Start of INPUT DATA

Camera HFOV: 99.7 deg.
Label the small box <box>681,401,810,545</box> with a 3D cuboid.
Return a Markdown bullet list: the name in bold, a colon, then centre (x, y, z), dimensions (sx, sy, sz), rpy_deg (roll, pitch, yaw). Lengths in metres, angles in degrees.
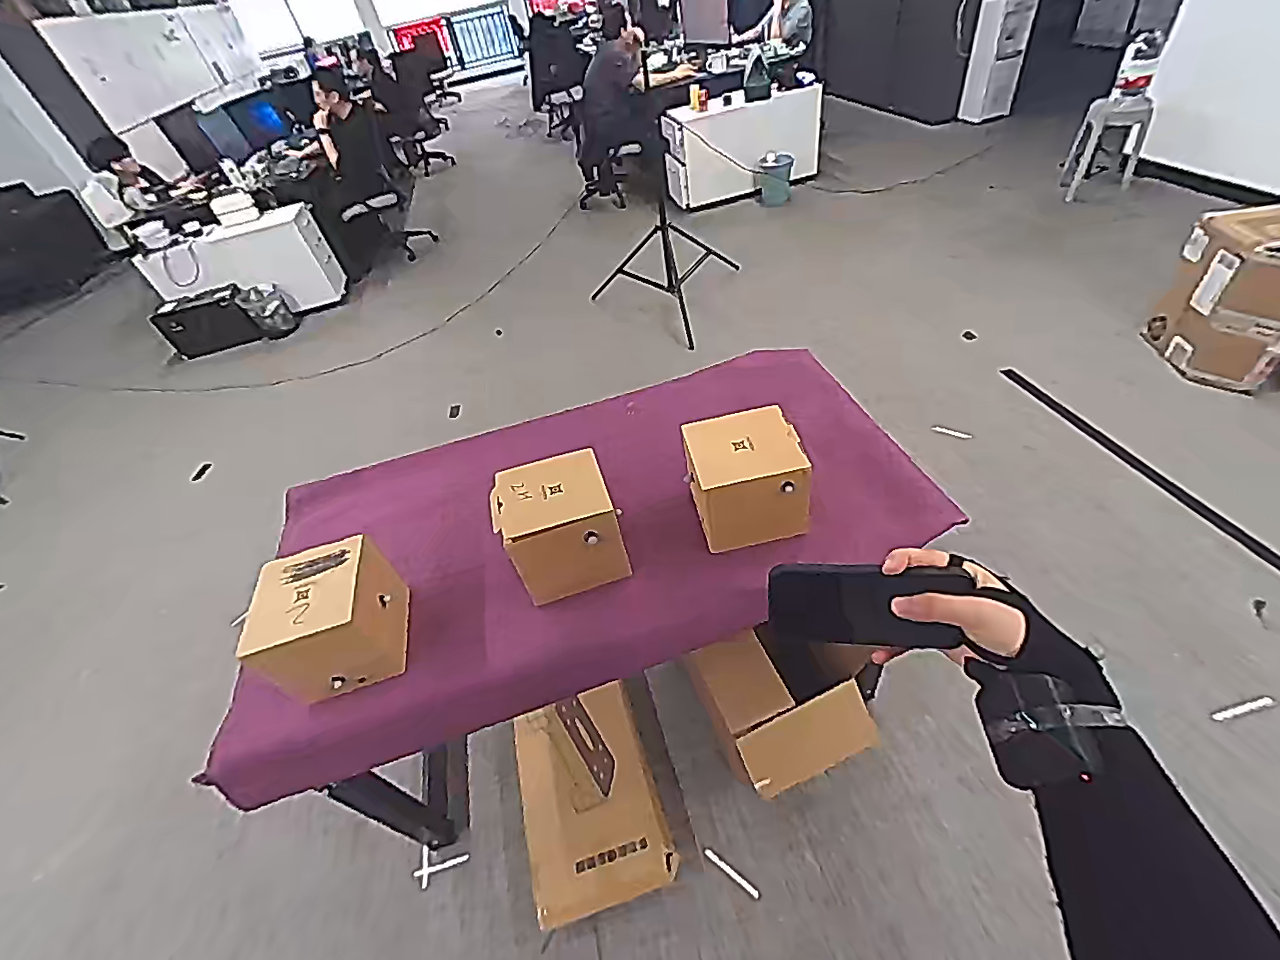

End of INPUT DATA

All of the material must be given again exactly, though no picture may appear in the copy.

Camera HFOV: 99.7 deg.
Label the small box <box>681,401,810,545</box> with a 3D cuboid.
Return a Markdown bullet list: the name in bold, a colon, then centre (x, y, z), dimensions (sx, sy, sz), rpy_deg (roll, pitch, yaw). Lengths in metres, angles in degrees.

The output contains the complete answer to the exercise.